A_x: 96e8ebc0d507c39f3b5ed8c96e789cc3e6861e1ddfb9d4170d3d5ff68e242437
A_y: 0663bc78276a258d2f422be407f881aa51b8d2d82ece31481db69dfbc6c4d010
prediction: a3cbc223507c197ec2598e6cff61cab0d75f89a68ccffcb7097c09d3
Reviewed 65502 valid points (candidates for A)
PRNG output: a3cbc223507c197ec2598e6cff61cab0d75f89a68ccffcb7097c09d3

Yikes !

Conclusion

It is quite obvious in light of the recent revelations from Snowden that this weakness was introduced by purpose by the NSA. It is very elegant and leaks its complete internal state in only 32 bytes of output, which is very impressive knowing it takes 32 bytes of input as a seed. It is obviously complete madness to use the reference implementation from NIST and I’m not the only one to be angry about it. You could use it with custom P and Q values, but that’s very seldom possible. Nevertheless having a whole EC point parameter leaked in the output makes it too easy to distinguish from real random and should never have been made into any specs at all. Let’s all bury that PRNG and the “security” companies bribed by NSA to enable backdoors by default for thirty silver coins.

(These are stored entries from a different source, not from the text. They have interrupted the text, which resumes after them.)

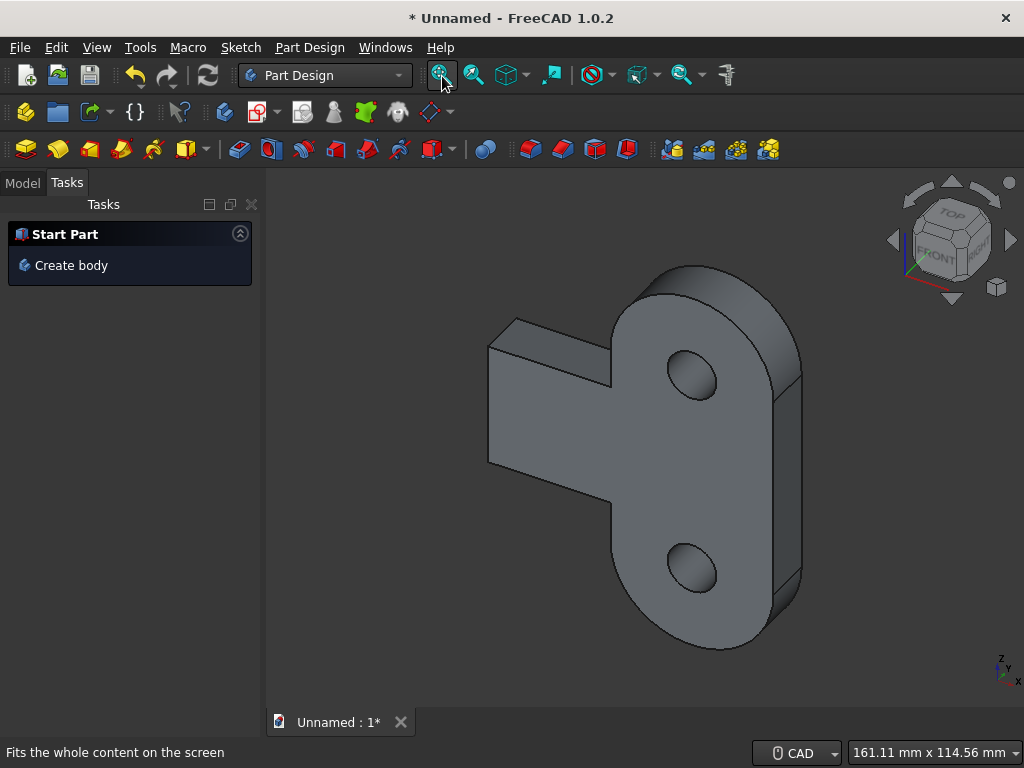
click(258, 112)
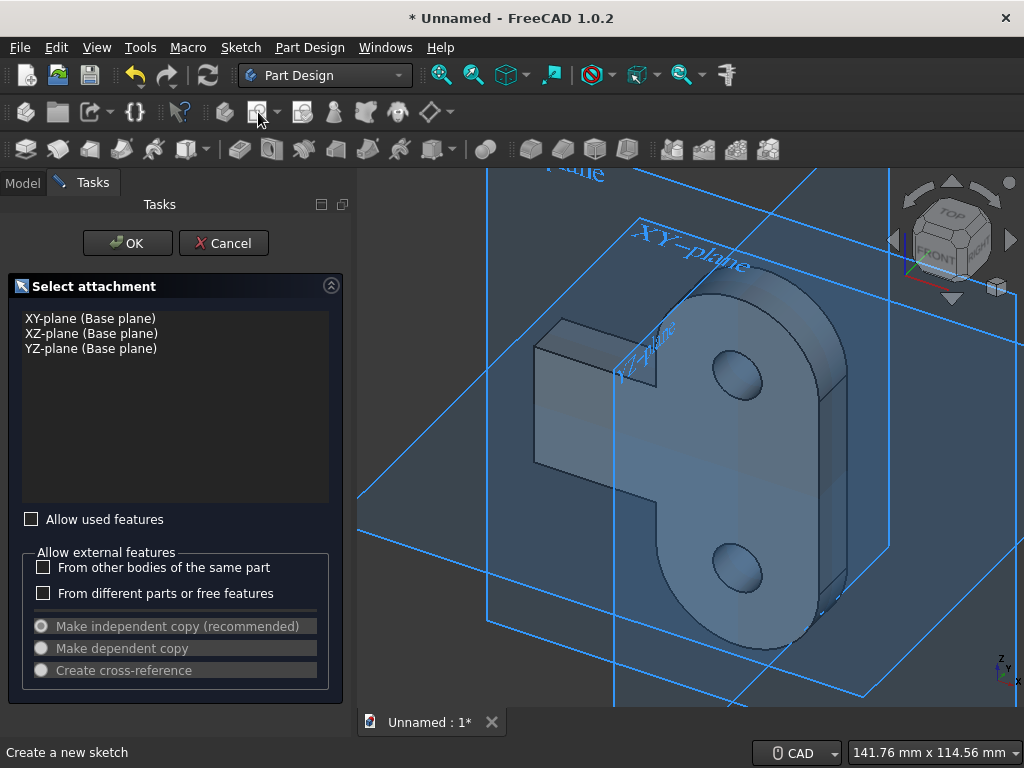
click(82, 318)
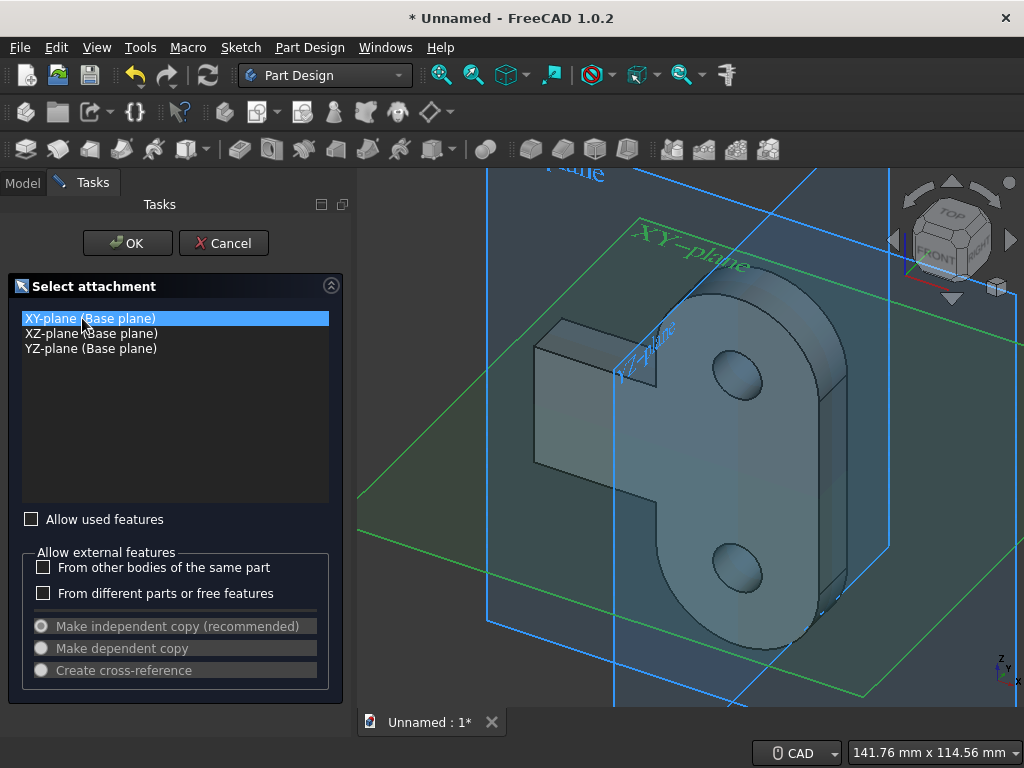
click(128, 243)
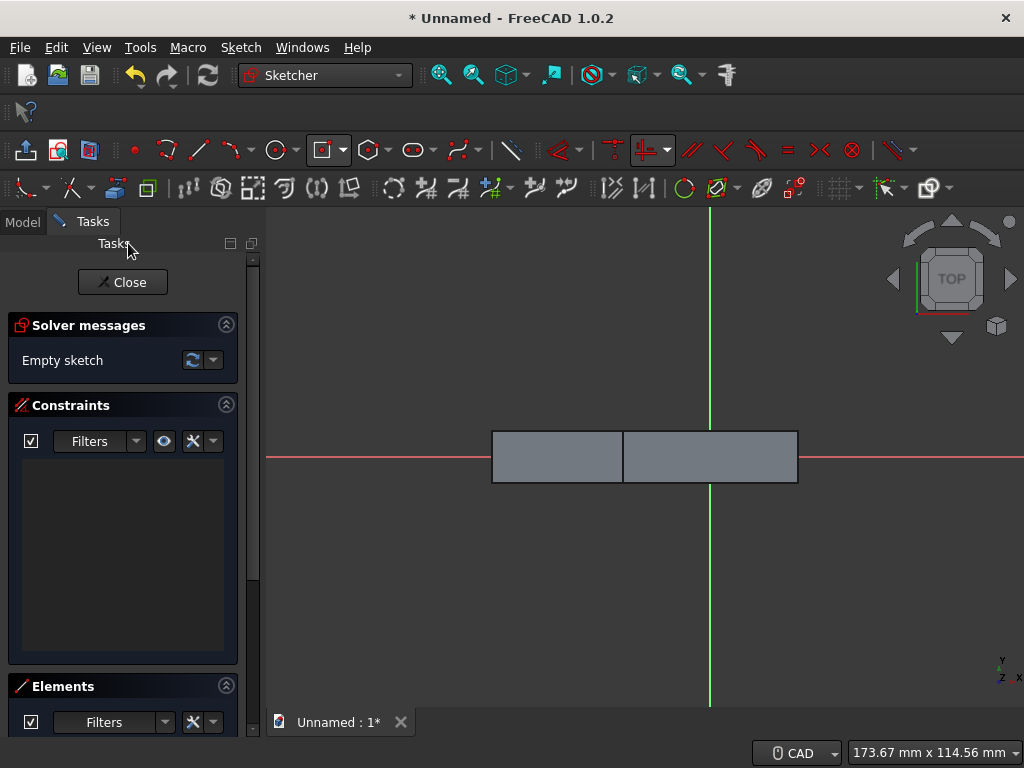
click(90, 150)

edits: fixed Dan Brown’s employer name, changed a variable name to avoid confusion, fixed counting error 28 bytes to 30 bytes
note: I did not break the official algorithm. I do not know the secret value used to compute the Q constant, and thus cannot break the default implementation. Only NSA (and people with access to the key) can exploit the PRNG weakness.
note2: Some questions were raised about the security of that secret value. The secret value I speak of is the scalar used to generate Q. As EC is a cyclicgroup, it is proven that for every P and Q there is a value such as eP = Q.
How long would it be to bruteforce that value ? Finding the value e is equivalent to resolving the discrete logarithm problem in NIST-p256. ANSSI tells that GF(p) 256 bits has the same security as a 128bits symmetric cipher encryption key. Keys up to 80 bits are believed to be impossible to crack today, so we can say it’s more likely to be stolen by an NSA employee than being cracked.

edit3: NIST-p256 is a cyclic group and that’s what makes the note2 relation possible
edit4: There’s an awesome video explaining elliptic curves and Dual-ec-drbg.